How We Got It Wrong

The Winner: Yair Lapid?s sweep of 19 Knesset seats was unanticipated by the American press. Image by Getty Images
David Remnick wasn’t the only journalist to inaccurately forecast the outcome of the January 22 Israeli election, but because he is arguably one of the best practitioners of his craft, his mistaken prediction really stung. In a 9,000-word piece on the ascendant religious right, published in The New Yorker just before the election, Remnick confidently argued that “the story of the election is the implosion of the center-left and the vivid and growing strength of the radical right.”
Well, no. As it so happens, the story of the election was the surprising strength of a brand-new centrist political party led by a charismatic former journalist who tapped into middle-class anxieties about the nation’s growing economic, cultural and religious divide. The stunning ascent of Yair Lapid’s Yesh Atid (There Is a Future) party, combined with an embarrassingly tepid showing for Benjamin Netanyahu’s ruling coalition, left many in the pundit class struggling for explanations.

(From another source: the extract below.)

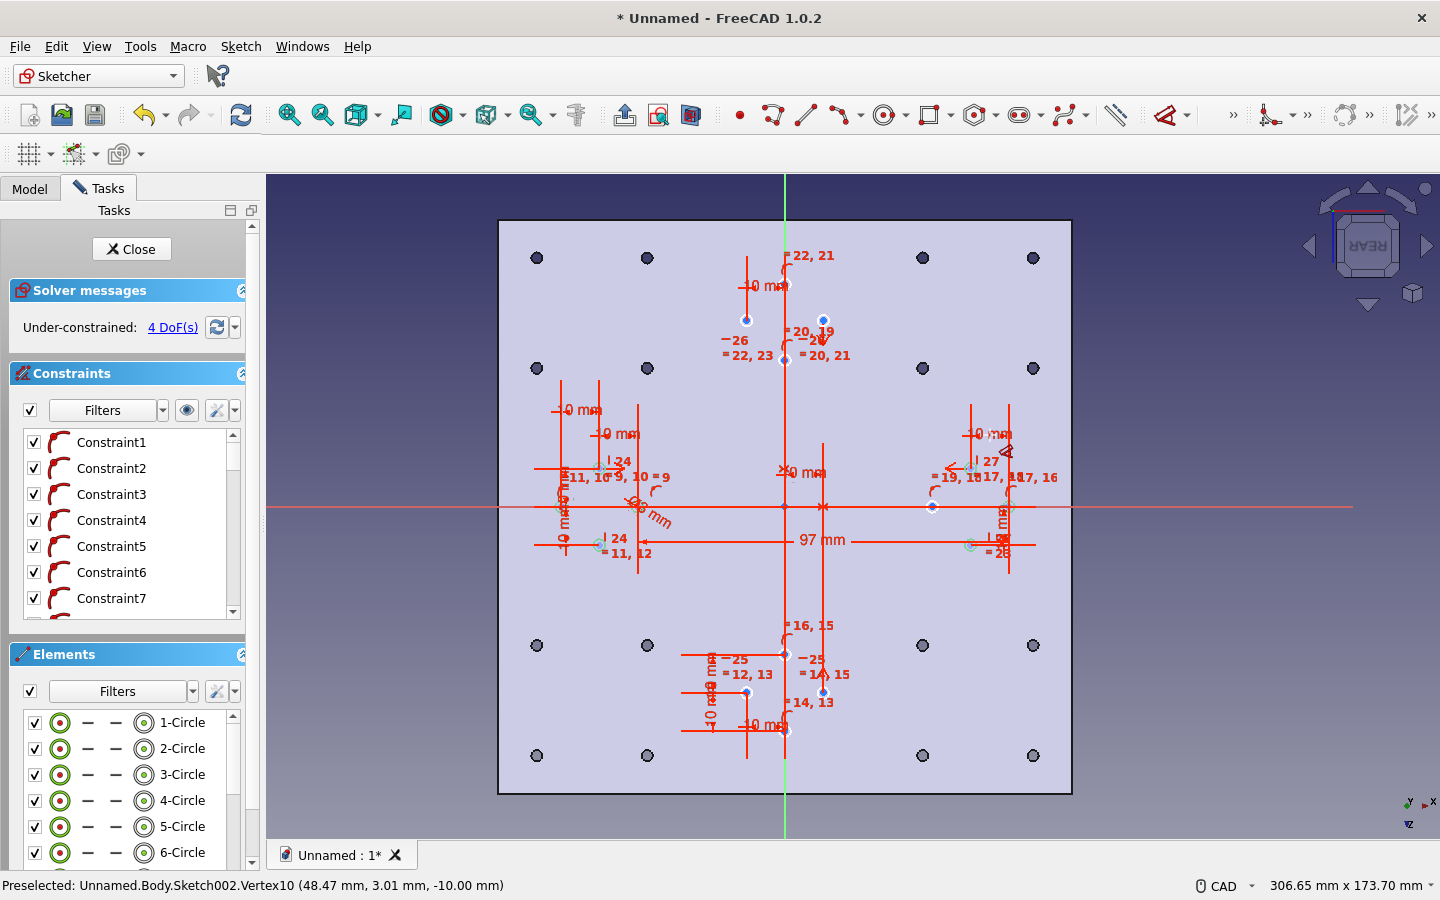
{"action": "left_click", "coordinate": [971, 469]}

Remnick wasn’t the only one. On January 21, journalist Shmuel Rosner posted on The New York Times website: “Bibi Forever.” A week later, Rosner was scrambling to explain why he, too, got it wrong. We at the Forward didn’t quite see it coming, either. We published a strong, insightful story detailing how Naftali Bennett’s new HaBayit HaYehudi (Jewish Home) party was reclaiming the religious Zionist mantle but never gave equal consideration to Lapid’s nascent movement. In our defense, we only reflected the consistent message from Israeli pollsters, who forecast as much as a second place finish for Bennett. Instead, he came in fourth.
Why did the mainstream media make such a mistake? Public polling in Israel is deeply flawed, and this election campaign put that in high relief. Pollsters tend to only call landlines, effectively excluding huge swaths of the population who communicate with a pele-phone to the ear. (Not coincidentally, mobile phone users are the type of younger voter more likely to support Yesh Atid.) Clearly, Israel needs its own Nate Silver.
But this election also upended the conventional narrative that Israelis put “security” at the top of the list of issues they consider when casting a ballot. Only when security is ensured — either through negotiations with the Palestinians or a strike to end Iran’s nuclear ambitions, take your pick — will Israelis then turn to the domestic issues, so the theory goes. And those security concerns live squarely at the intersection of Israeli policy and American interests. You don’t hear American Jews fret over the price of cottage cheese in Hadera. You hear American Jews fret over the lack of a peace deal with the Palestinians, or the threat of an Iranian nuclear attack.
Many Israelis, we learned on January 22, care about other things first. Domestic things. Will the Haredim share the burden of defending the country? Will the government work to ease the prohibitive cost of housing? Will the concerns that fueled the social justice protests in 2011 make their way to the Knesset legislative agenda?
So all those whose predictions were off deserve a break — as long as we take this as a lesson that democracy has the power to surprise us.